Redis, the popular in-memory data structure store, has recently released its enhanced Redis Query Engine. This development comes at a time when vector databases are gaining prominence due to their importance in retrieval-augmented generation (RAG) for GenAI applications.

Redis announced significant improvements to its Query Engine, using multi-threading to enhance query throughput while maintaining low latency. Redis states:

By enabling queries to access the index concurrently, effectively allowing Redis to scale vertically, we enable scaling both the throughput of Redis operations and queries.

Below diagram depicts vertical scaling.

Source: Redis Design Choice – Scale Up and Scale Out

The company emphasizes that this advancement is crucial as data volumes grow to hundreds of millions of documents, where complex queries can potentially limit throughput. Redis claims that responses maintain sub-millisecond latency and that queries average latency under 10 milliseconds.

Redis acknowledges the limitations of its traditional single-threaded architecture for certain operations. They explain that long-running queries on a single thread can cause congestion and reduce overall throughput, particularly for operations like searching data using an inverted index.

The company further elaborates on the complexity of search operations:

Search is not an O(1) time complexity command. Searches usually combine multiple scans of indexes to comply with the several query predicates. Those scans are usually done in logarithmic time complexity O(log(n)) where n is the amount of data points mapped by the index.
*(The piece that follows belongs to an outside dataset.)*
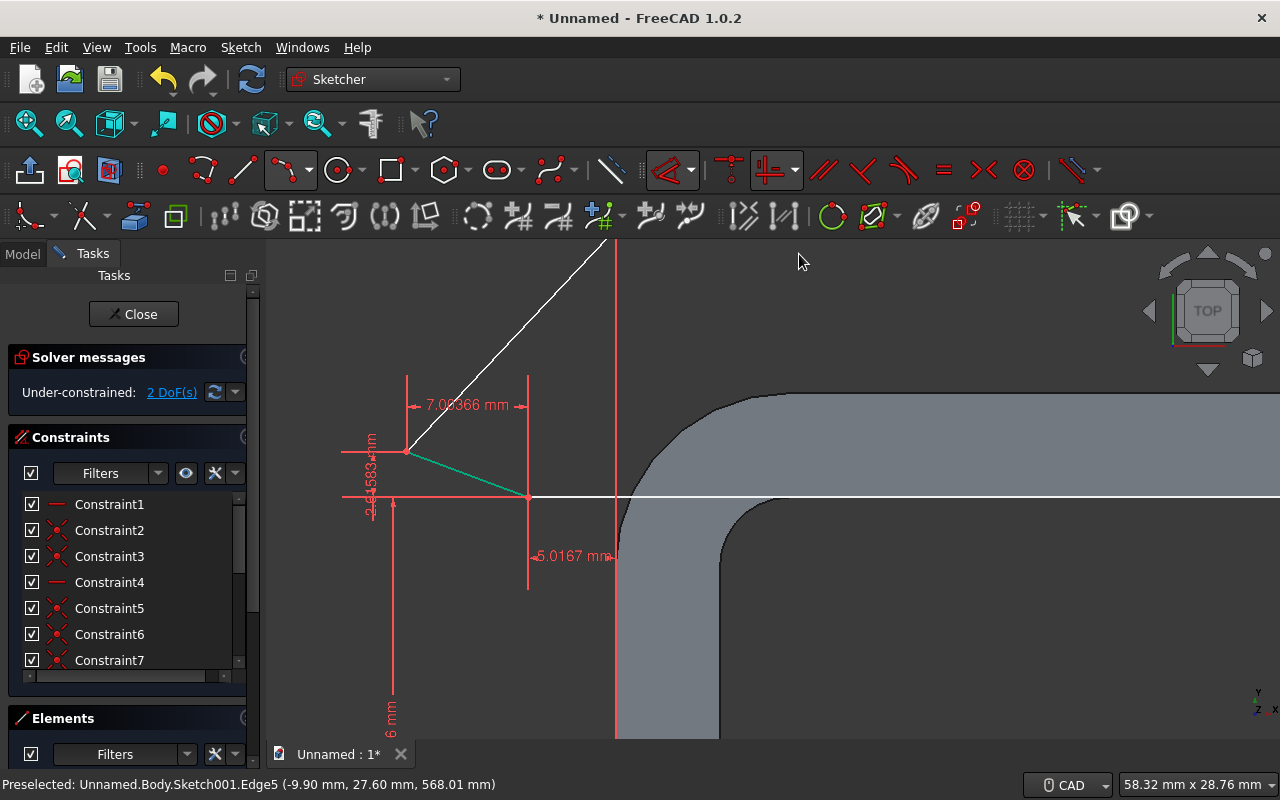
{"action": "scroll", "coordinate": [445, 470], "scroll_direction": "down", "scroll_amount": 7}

Redis asserts that its new multi-threaded approach effectively addresses these challenges, enabling Redis to maintain its high performance for simple operations while significantly improving throughput for compute-intensive operations like vector similarity searches.

Redis highlights, “Scaling search efficiently requires combining the distribution of data loads horizontally (going out) and multi-threading vertically, enabling concurrency on accessing the index (going up).”

Source: Single Shard Redis Multi-threaded Query Engine Main Thread and a Thread Pool

The diagram above depicts the new architecture, with multiple queries executed, each on a separate thread. Redis outlines a three-step process:

The query context (planning) is prepared on the main thread and queued on a shared queue. From here, threads consume the queue and execute the query pipeline, concurrently to other threads. This allows us to execute multiple concurrent queries while keeping the main thread alive to handle more incoming requests, such as other Redis commands, or prepare and queue additional queries. Once finished, the query results are sent back to the main thread.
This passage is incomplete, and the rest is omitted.